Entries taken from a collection
[Start of Attachment]
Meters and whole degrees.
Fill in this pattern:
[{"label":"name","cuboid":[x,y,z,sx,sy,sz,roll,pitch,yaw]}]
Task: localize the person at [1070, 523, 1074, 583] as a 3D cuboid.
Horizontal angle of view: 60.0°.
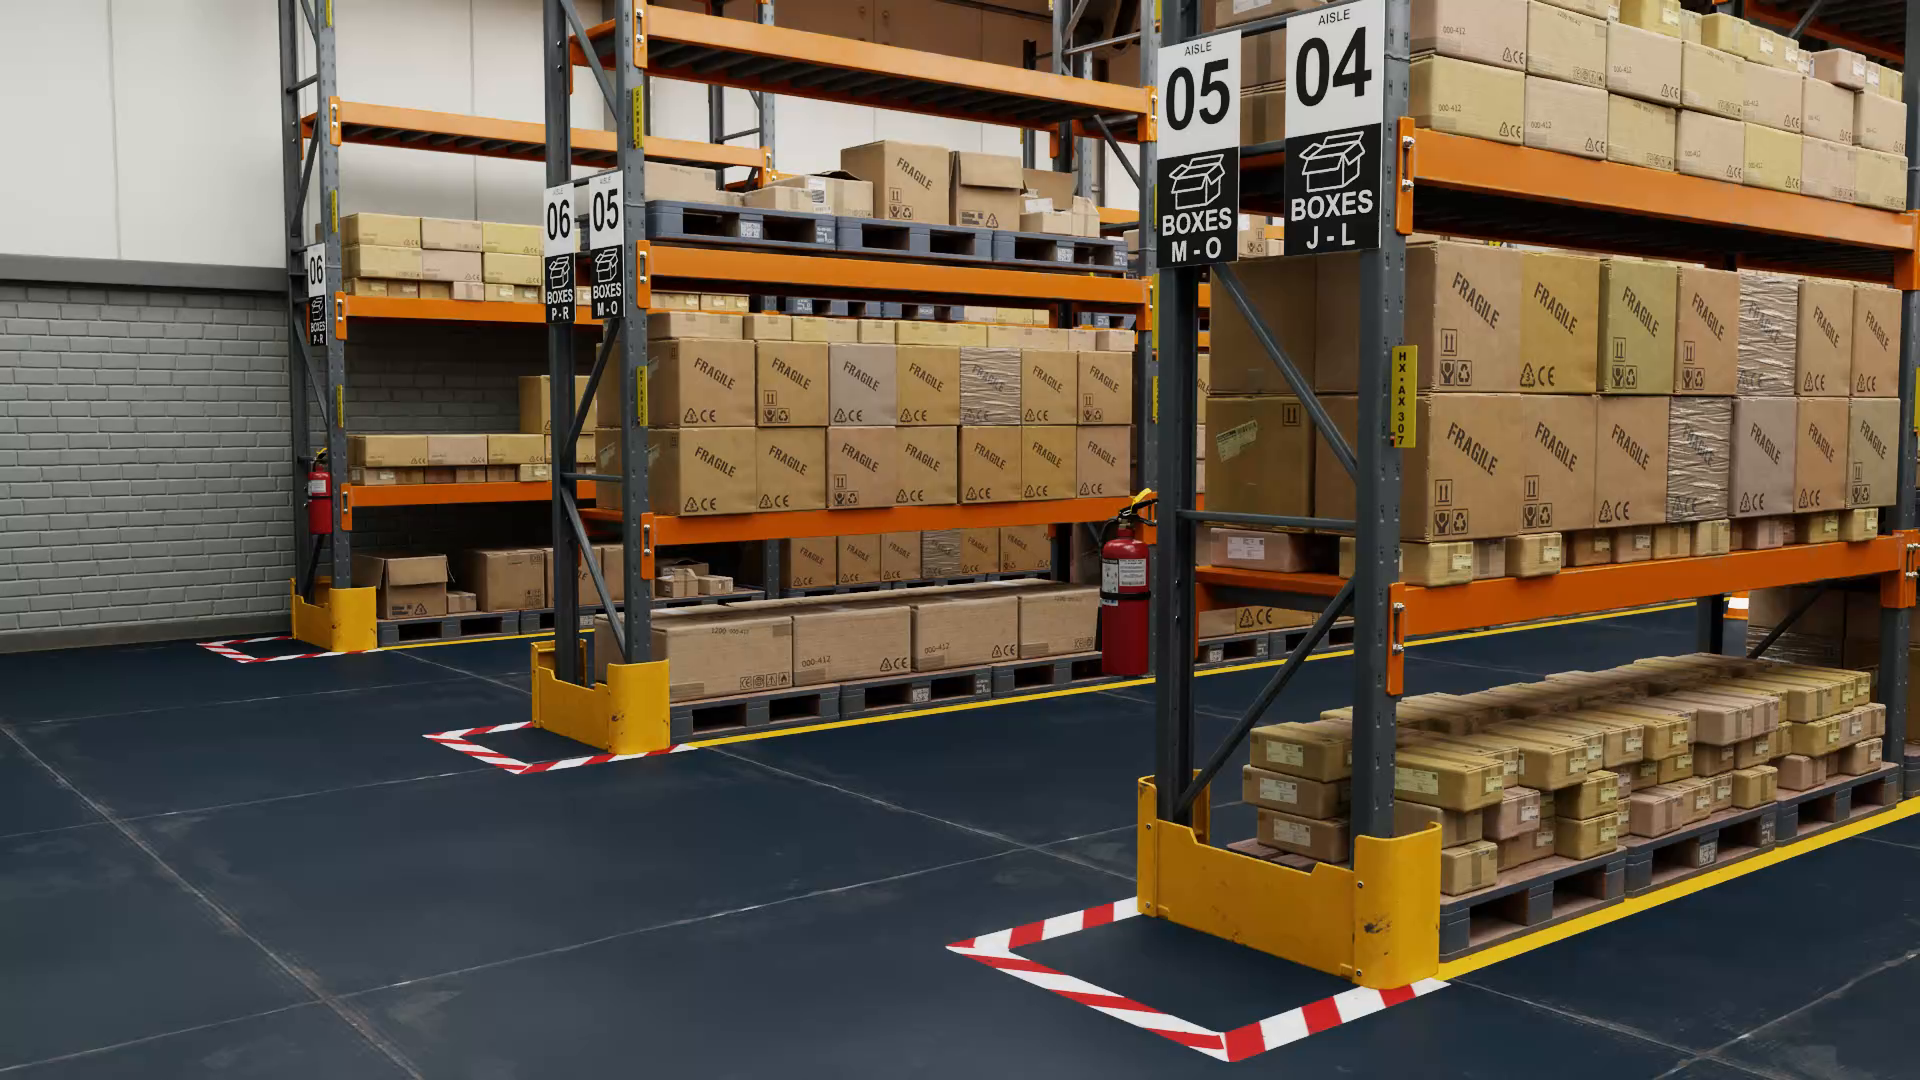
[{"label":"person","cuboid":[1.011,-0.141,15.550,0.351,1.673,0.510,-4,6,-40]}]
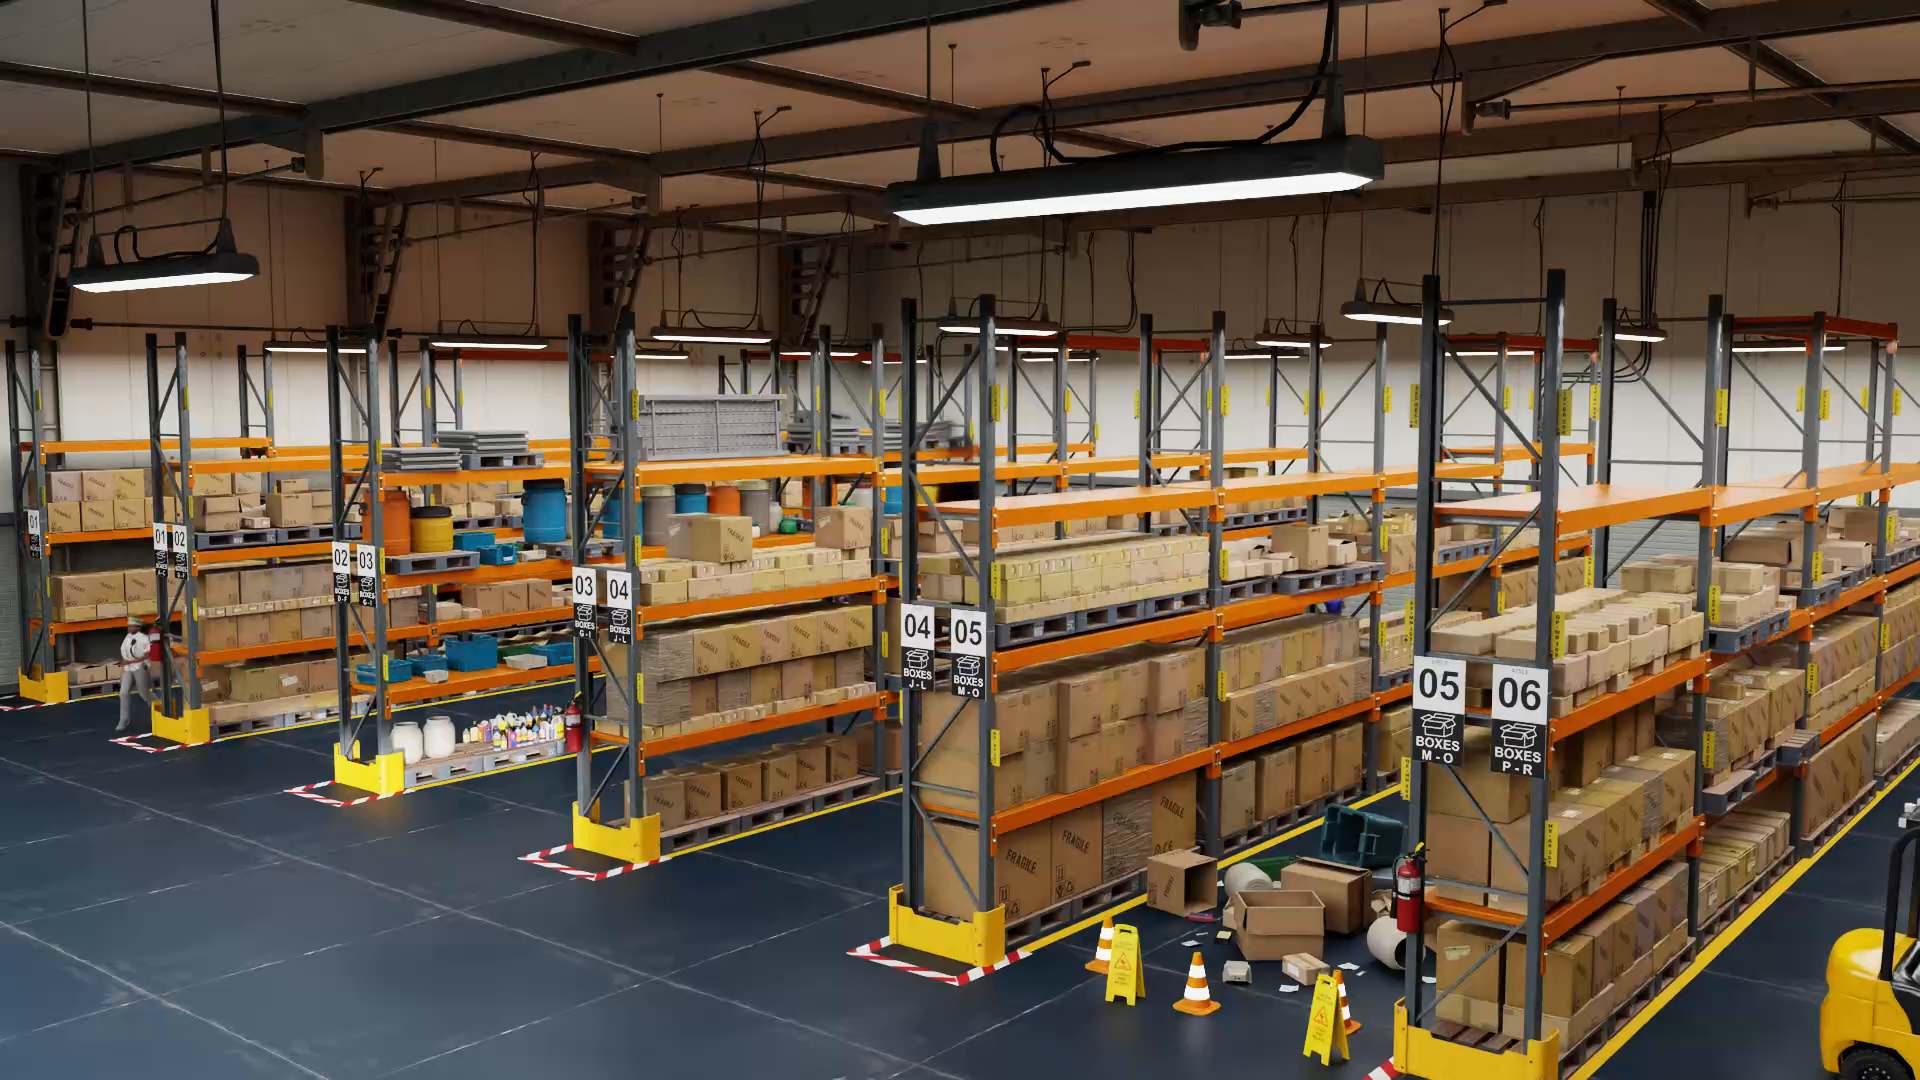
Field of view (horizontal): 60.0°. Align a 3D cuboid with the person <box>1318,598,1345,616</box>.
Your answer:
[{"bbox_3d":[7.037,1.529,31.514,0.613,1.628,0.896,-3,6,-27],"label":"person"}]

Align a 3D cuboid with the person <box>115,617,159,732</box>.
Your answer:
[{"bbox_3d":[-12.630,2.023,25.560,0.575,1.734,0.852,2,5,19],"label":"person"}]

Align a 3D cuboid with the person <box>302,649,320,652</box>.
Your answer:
[End of Attachment]
Exercise
Whenever a line of the records holds the string "with", pick it out and copy it.

Worked solution
Field of view (horizontal): 60.0°. Align a 3D cuboid with the person <box>1318,598,1345,616</box>.
Align a 3D cuboid with the person <box>115,617,159,732</box>.
Align a 3D cuboid with the person <box>302,649,320,652</box>.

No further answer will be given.